### DATA SUPPLIED

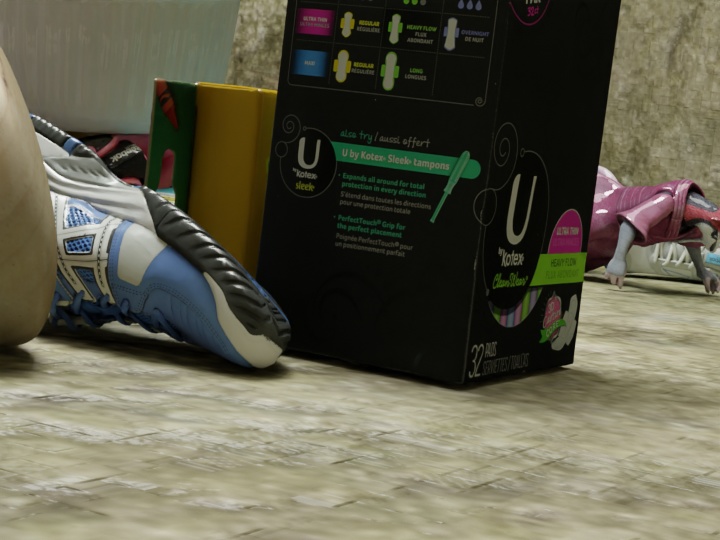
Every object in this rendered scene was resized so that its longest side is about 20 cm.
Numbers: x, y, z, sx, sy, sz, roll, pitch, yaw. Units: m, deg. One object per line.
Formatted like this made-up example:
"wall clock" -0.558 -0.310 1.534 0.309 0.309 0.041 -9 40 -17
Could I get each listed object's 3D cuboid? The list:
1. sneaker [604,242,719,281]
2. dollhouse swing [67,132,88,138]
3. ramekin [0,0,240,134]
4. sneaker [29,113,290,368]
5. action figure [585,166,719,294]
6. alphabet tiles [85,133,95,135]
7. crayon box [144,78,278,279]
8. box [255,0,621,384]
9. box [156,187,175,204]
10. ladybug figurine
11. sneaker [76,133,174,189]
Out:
"sneaker" 0.322 -0.024 1.594 0.199 0.076 0.086 3 12 -37
"dollhouse swing" -0.268 -0.037 1.142 0.199 0.176 0.183 5 46 -18
"ramekin" -0.174 -0.152 1.016 0.199 0.106 0.200 6 14 -1
"sneaker" -0.113 0.001 0.760 0.199 0.077 0.076 30 -12 35
"action figure" 0.252 -0.052 1.448 0.199 0.150 0.134 -7 -10 37
"alphabet tiles" -0.166 -0.122 1.128 0.199 0.006 0.166 23 24 25
"crayon box" -0.035 -0.032 0.877 0.051 0.128 0.199 10 7 37
"box" 0.041 -0.056 0.809 0.124 0.202 0.148 9 5 28
"box" -0.112 -0.017 0.921 0.082 0.050 0.200 10 11 31
"ladybug figurine" -0.190 -0.049 0.705 0.072 0.136 0.200 -10 44 -25
"sneaker" -0.175 -0.051 0.953 0.095 0.079 0.200 -24 -1 28
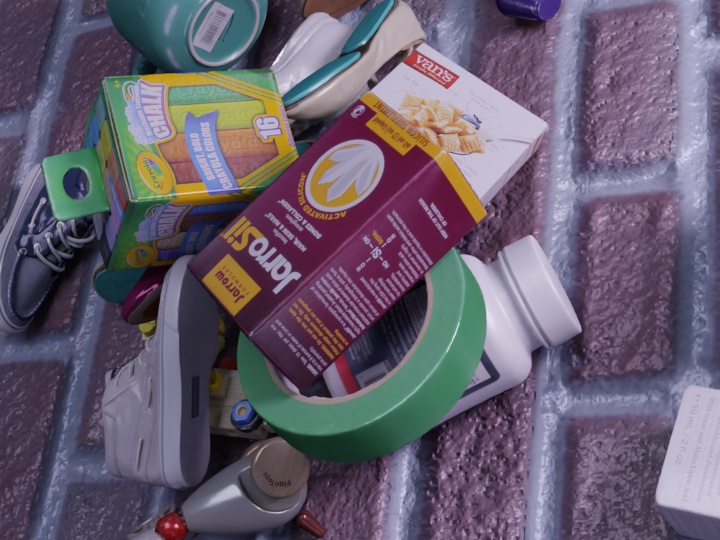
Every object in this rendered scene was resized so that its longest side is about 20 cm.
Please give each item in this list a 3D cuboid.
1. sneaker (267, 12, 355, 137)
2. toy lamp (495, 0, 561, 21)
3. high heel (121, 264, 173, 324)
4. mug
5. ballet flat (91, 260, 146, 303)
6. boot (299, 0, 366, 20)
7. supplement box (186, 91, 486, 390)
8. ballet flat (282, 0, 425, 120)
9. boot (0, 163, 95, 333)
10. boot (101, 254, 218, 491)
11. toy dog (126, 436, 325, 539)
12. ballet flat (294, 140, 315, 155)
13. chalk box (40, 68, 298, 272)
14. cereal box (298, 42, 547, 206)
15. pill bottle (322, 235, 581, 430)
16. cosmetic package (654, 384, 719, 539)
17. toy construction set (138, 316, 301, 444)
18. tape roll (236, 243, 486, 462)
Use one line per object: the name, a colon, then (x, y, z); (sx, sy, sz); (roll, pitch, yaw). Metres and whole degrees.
sneaker: (-0.060, -0.164, 1.450); (0.088, 0.075, 0.201); (28, 77, 25)
toy lamp: (0.115, -0.295, 1.436); (0.058, 0.058, 0.200); (-49, 53, -6)
high heel: (-0.163, -0.037, 1.343); (0.096, 0.068, 0.200); (39, 63, 18)
mug: (-0.170, -0.265, 1.529); (0.151, 0.186, 0.114); (-31, 51, -23)
ballet flat: (-0.169, -0.018, 1.423); (0.198, 0.068, 0.062); (-10, 26, 16)
boot: (-0.019, -0.359, 1.547); (0.200, 0.070, 0.146); (-44, 45, -3)
supplement box: (-0.019, -0.024, 1.120); (0.200, 0.086, 0.110); (-44, 46, -4)
ballet flat: (-0.001, -0.185, 1.390); (0.069, 0.070, 0.200); (13, 46, 33)
boot: (-0.316, -0.032, 1.502); (0.090, 0.073, 0.201); (-8, 58, 31)
boot: (-0.181, 0.086, 1.264); (0.095, 0.073, 0.202); (3, 88, 24)
toy dog: (-0.110, 0.223, 1.233); (0.199, 0.132, 0.097); (-36, 90, 11)
ballet flat: (-0.028, -0.092, 1.390); (0.199, 0.069, 0.070); (-12, 57, 28)
chalk box: (-0.166, -0.084, 1.243); (0.198, 0.124, 0.125); (-7, 65, -24)
cereal box: (0.054, -0.102, 1.287); (0.143, 0.040, 0.200); (35, 56, 13)
pill bottle: (0.074, 0.057, 1.211); (0.199, 0.120, 0.120); (-28, 53, 10)
cosmetic package: (0.323, 0.154, 1.050); (0.199, 0.074, 0.102); (6, 66, 32)
toy construction set: (-0.117, 0.085, 1.324); (0.199, 0.092, 0.132); (-6, 59, 38)
tape roll: (-0.001, 0.050, 1.147); (0.199, 0.048, 0.202); (-17, 50, 20)
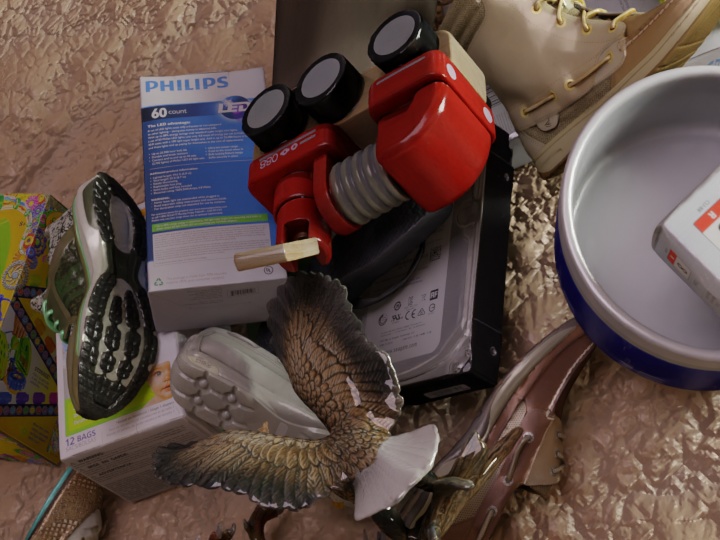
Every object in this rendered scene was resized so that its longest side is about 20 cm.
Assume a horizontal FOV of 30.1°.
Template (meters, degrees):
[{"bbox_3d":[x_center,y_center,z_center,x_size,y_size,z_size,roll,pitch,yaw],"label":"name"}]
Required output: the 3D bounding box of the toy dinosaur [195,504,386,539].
[{"bbox_3d":[-0.026,0.240,0.932,0.182,0.104,0.201,46,126,25],"label":"toy dinosaur"}]

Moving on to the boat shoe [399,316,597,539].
[{"bbox_3d":[0.106,0.122,0.914,0.072,0.076,0.201,38,87,11],"label":"boat shoe"}]

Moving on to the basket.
[{"bbox_3d":[-0.005,-0.190,1.066,0.180,0.135,0.202,-43,34,47],"label":"basket"}]

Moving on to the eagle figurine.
[{"bbox_3d":[-0.023,0.107,0.847,0.199,0.151,0.152,35,118,14],"label":"eagle figurine"}]

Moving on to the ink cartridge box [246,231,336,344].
[{"bbox_3d":[-0.069,-0.033,1.087,0.103,0.059,0.202,-20,56,16],"label":"ink cartridge box"}]

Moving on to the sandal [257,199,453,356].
[{"bbox_3d":[0.000,0.000,0.993,0.200,0.043,0.077,-41,30,31],"label":"sandal"}]

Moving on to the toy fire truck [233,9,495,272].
[{"bbox_3d":[-0.006,-0.062,0.897,0.174,0.129,0.202,-25,43,26],"label":"toy fire truck"}]

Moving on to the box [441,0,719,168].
[{"bbox_3d":[0.175,-0.184,1.057,0.198,0.041,0.158,-24,56,15],"label":"box"}]

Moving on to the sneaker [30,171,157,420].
[{"bbox_3d":[-0.206,0.028,1.001,0.088,0.077,0.202,-26,49,26],"label":"sneaker"}]

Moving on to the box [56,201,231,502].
[{"bbox_3d":[-0.169,0.061,1.061,0.111,0.101,0.202,-20,57,15],"label":"box"}]

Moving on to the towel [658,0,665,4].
[{"bbox_3d":[0.239,-0.268,1.021,0.023,0.142,0.202,-56,43,44],"label":"towel"}]

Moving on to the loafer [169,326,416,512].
[{"bbox_3d":[-0.041,0.103,0.960,0.199,0.070,0.070,33,37,0],"label":"loafer"}]

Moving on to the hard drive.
[{"bbox_3d":[0.047,-0.001,0.997,0.139,0.038,0.203,-18,54,43],"label":"hard drive"}]

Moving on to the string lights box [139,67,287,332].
[{"bbox_3d":[-0.114,-0.058,1.024,0.101,0.059,0.202,-5,57,-5],"label":"string lights box"}]

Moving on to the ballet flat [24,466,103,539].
[{"bbox_3d":[-0.243,0.236,1.039,0.065,0.071,0.201,32,83,8],"label":"ballet flat"}]

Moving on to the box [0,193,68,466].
[{"bbox_3d":[-0.337,0.047,1.144,0.197,0.122,0.195,1,64,27],"label":"box"}]

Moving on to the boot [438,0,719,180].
[{"bbox_3d":[0.152,-0.181,0.947,0.156,0.072,0.200,54,134,11],"label":"boot"}]

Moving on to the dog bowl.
[{"bbox_3d":[0.227,-0.027,0.879,0.197,0.079,0.203,-1,70,3],"label":"dog bowl"}]

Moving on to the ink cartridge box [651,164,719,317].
[{"bbox_3d":[0.299,-0.004,0.800,0.162,0.050,0.200,-41,70,-10],"label":"ink cartridge box"}]
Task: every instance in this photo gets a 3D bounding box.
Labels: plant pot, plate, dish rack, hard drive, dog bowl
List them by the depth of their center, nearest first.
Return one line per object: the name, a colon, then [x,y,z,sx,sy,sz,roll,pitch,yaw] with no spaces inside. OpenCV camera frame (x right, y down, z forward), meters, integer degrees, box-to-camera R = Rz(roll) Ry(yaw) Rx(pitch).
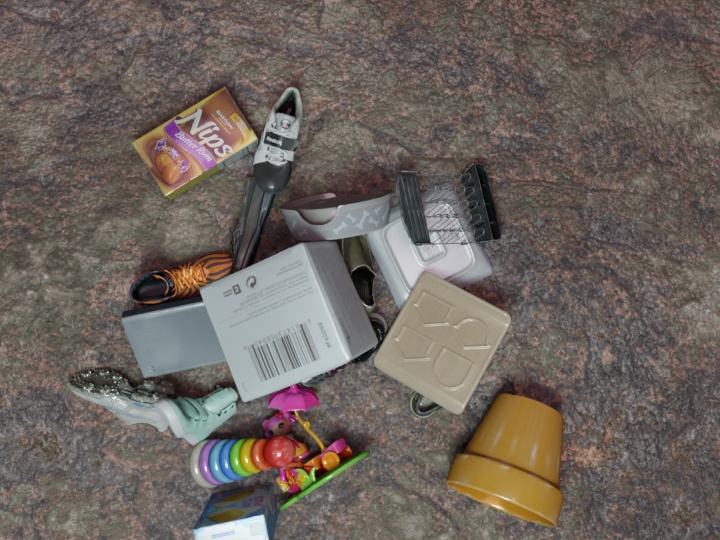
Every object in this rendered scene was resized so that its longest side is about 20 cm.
dog bowl: [-0.039,-0.099,1.221,0.199,0.200,0.059,-9,103,-4]
plant pot: [0.275,0.327,1.232,0.200,0.200,0.184,24,71,-3]
hard drive: [-0.305,0.113,1.235,0.199,0.033,0.140,-12,123,-5]
dish rack: [0.156,-0.117,1.252,0.200,0.055,0.154,-3,75,-35]
plate: [0.127,-0.043,1.306,0.200,0.032,0.200,-26,89,-5]

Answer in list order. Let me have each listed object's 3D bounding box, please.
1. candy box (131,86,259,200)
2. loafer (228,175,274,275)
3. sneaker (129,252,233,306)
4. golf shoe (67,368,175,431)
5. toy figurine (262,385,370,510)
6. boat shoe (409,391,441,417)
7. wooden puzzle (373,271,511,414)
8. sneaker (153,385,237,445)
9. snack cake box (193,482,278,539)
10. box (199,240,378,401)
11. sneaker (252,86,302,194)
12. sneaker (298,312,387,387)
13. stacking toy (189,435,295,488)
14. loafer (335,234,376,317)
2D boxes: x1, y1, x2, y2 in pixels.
candy box: [-0.300,-0.233,1.272,0.200,0.056,0.117,-33,89,-6]
loafer: [-0.209,-0.079,1.261,0.063,0.072,0.201,17,72,-2]
sneaker: [-0.313,0.021,1.231,0.200,0.112,0.078,-22,90,-6]
golf shoe: [-0.429,0.239,1.235,0.199,0.078,0.097,12,115,11]
toy figurine: [-0.112,0.302,1.247,0.200,0.150,0.184,-38,76,19]
boat shoe: [0.173,0.197,1.281,0.201,0.066,0.072,-45,91,-4]
wooden puzzle: [0.147,0.129,1.249,0.185,0.046,0.200,28,89,19]
sneaker: [-0.277,0.230,1.191,0.118,0.201,0.074,-38,72,-12]
snack cake box: [-0.206,0.428,1.177,0.115,0.200,0.067,-12,88,-5]
box: [-0.111,0.076,1.130,0.199,0.171,0.200,-23,86,16]
sneaker: [-0.148,-0.239,1.245,0.074,0.089,0.201,11,74,-6]
sneaker: [-0.035,0.146,1.257,0.200,0.087,0.074,-32,93,-5]
stacking toy: [-0.198,0.324,1.194,0.200,0.085,0.086,-17,89,31]
loafer: [0.000,0.000,1.247,0.075,0.070,0.201,10,61,-33]
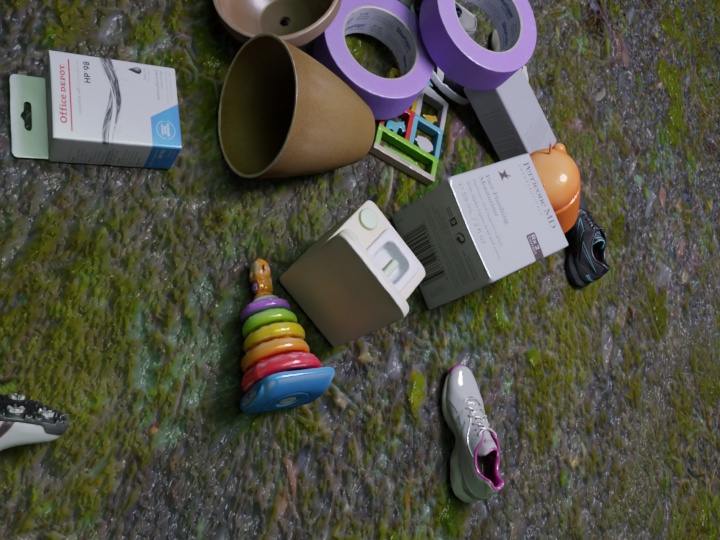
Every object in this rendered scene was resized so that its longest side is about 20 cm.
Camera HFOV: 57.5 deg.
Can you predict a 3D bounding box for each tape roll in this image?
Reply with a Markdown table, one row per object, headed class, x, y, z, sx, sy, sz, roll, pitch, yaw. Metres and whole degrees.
| class | x | y | z | sx | sy | sz | roll | pitch | yaw |
| --- | --- | --- | --- | --- | --- | --- | --- | --- | --- |
| tape roll | 0.197 | -0.410 | 1.096 | 0.194 | 0.065 | 0.207 | 6 | 74 | -23 |
| tape roll | 0.022 | -0.357 | 1.086 | 0.194 | 0.066 | 0.207 | 8 | 69 | -21 |

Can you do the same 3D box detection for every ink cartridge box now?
| class | x | y | z | sx | sy | sz | roll | pitch | yaw |
| --- | --- | --- | --- | --- | --- | --- | --- | --- | --- |
| ink cartridge box | -0.335 | -0.202 | 0.835 | 0.195 | 0.066 | 0.120 | -1 | 76 | -32 |

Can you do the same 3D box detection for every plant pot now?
| class | x | y | z | sx | sy | sz | roll | pitch | yaw |
| --- | --- | --- | --- | --- | --- | --- | --- | --- | --- |
| plant pot | -0.120 | -0.406 | 0.998 | 0.194 | 0.093 | 0.208 | -1 | 71 | 3 |
| plant pot | -0.075 | -0.219 | 0.951 | 0.196 | 0.184 | 0.193 | 2 | 72 | -44 |

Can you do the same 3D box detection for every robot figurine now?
| class | x | y | z | sx | sy | sz | roll | pitch | yaw |
| --- | --- | --- | --- | --- | --- | --- | --- | --- | --- |
| robot figurine | 0.328 | -0.136 | 1.155 | 0.142 | 0.201 | 0.118 | -32 | 62 | 2 |

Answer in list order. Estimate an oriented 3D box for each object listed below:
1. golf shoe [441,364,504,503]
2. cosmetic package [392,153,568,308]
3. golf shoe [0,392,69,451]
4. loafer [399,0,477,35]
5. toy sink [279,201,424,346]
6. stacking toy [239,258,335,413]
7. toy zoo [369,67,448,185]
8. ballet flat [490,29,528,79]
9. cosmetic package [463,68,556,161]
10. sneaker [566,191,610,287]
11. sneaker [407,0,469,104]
| class | x | y | z | sx | sy | sz | roll | pitch | yaw |
| --- | --- | --- | --- | --- | --- | --- | --- | --- | --- |
| golf shoe | 0.176 | 0.242 | 0.994 | 0.073 | 0.091 | 0.207 | 3 | 71 | -28 |
| cosmetic package | 0.191 | -0.063 | 1.057 | 0.196 | 0.164 | 0.169 | -21 | 85 | -35 |
| golf shoe | -0.408 | 0.173 | 0.676 | 0.194 | 0.077 | 0.091 | 7 | 90 | -27 |
| loafer | 0.145 | -0.491 | 1.228 | 0.195 | 0.069 | 0.072 | 8 | 70 | -30 |
| toy sink | 0.000 | 0.000 | 0.888 | 0.131 | 0.199 | 0.112 | 49 | 57 | -6 |
| stacking toy | -0.119 | 0.076 | 0.869 | 0.107 | 0.116 | 0.205 | -1 | 63 | -34 |
| toy zoo | 0.090 | -0.265 | 1.149 | 0.128 | 0.020 | 0.206 | 24 | 63 | -23 |
| ballet flat | 0.302 | -0.402 | 1.299 | 0.068 | 0.069 | 0.207 | 8 | 70 | -29 |
| cosmetic package | 0.279 | -0.285 | 1.213 | 0.102 | 0.073 | 0.202 | -50 | 116 | -33 |
| sneaker | 0.438 | -0.074 | 1.269 | 0.073 | 0.079 | 0.207 | 6 | 70 | -29 |
| sneaker | 0.159 | -0.403 | 1.174 | 0.200 | 0.111 | 0.074 | 45 | 39 | -11 |
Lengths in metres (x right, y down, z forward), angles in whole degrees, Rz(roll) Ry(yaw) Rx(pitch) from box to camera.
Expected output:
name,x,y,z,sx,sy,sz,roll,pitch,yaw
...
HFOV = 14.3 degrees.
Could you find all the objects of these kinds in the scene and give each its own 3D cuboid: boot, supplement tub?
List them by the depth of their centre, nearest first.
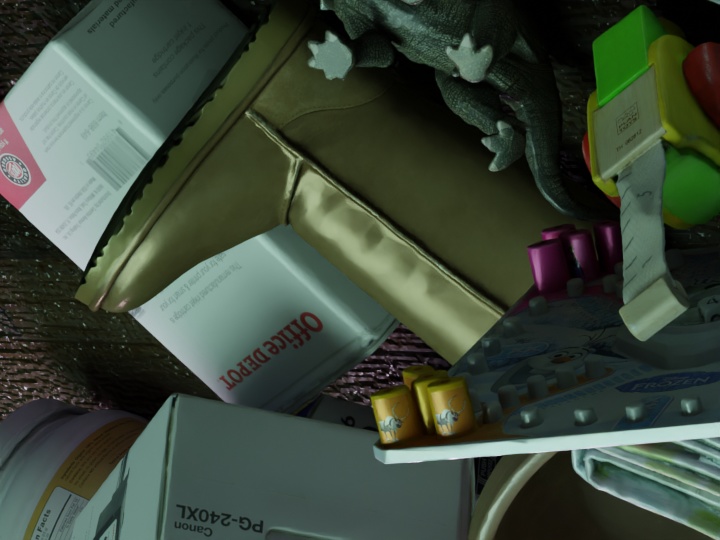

######

What lines in the listing include the string "right"? Copy them out.

Return one line per object: the name, a colon, then [x,y,z,sx,sy,sz,roll,pitch,yaw] with no spaces inside. OpenCV camera frame (x right, y down, z forward), meters, integer degrees, box-to-camera R = Rz(roll) Ry(yaw) Rx(pitch).
Lengths in metres (x right, y down, z forward), angles in whole degrees, Rz(roll) Ry(yaw) Rx(pitch) from box to camera.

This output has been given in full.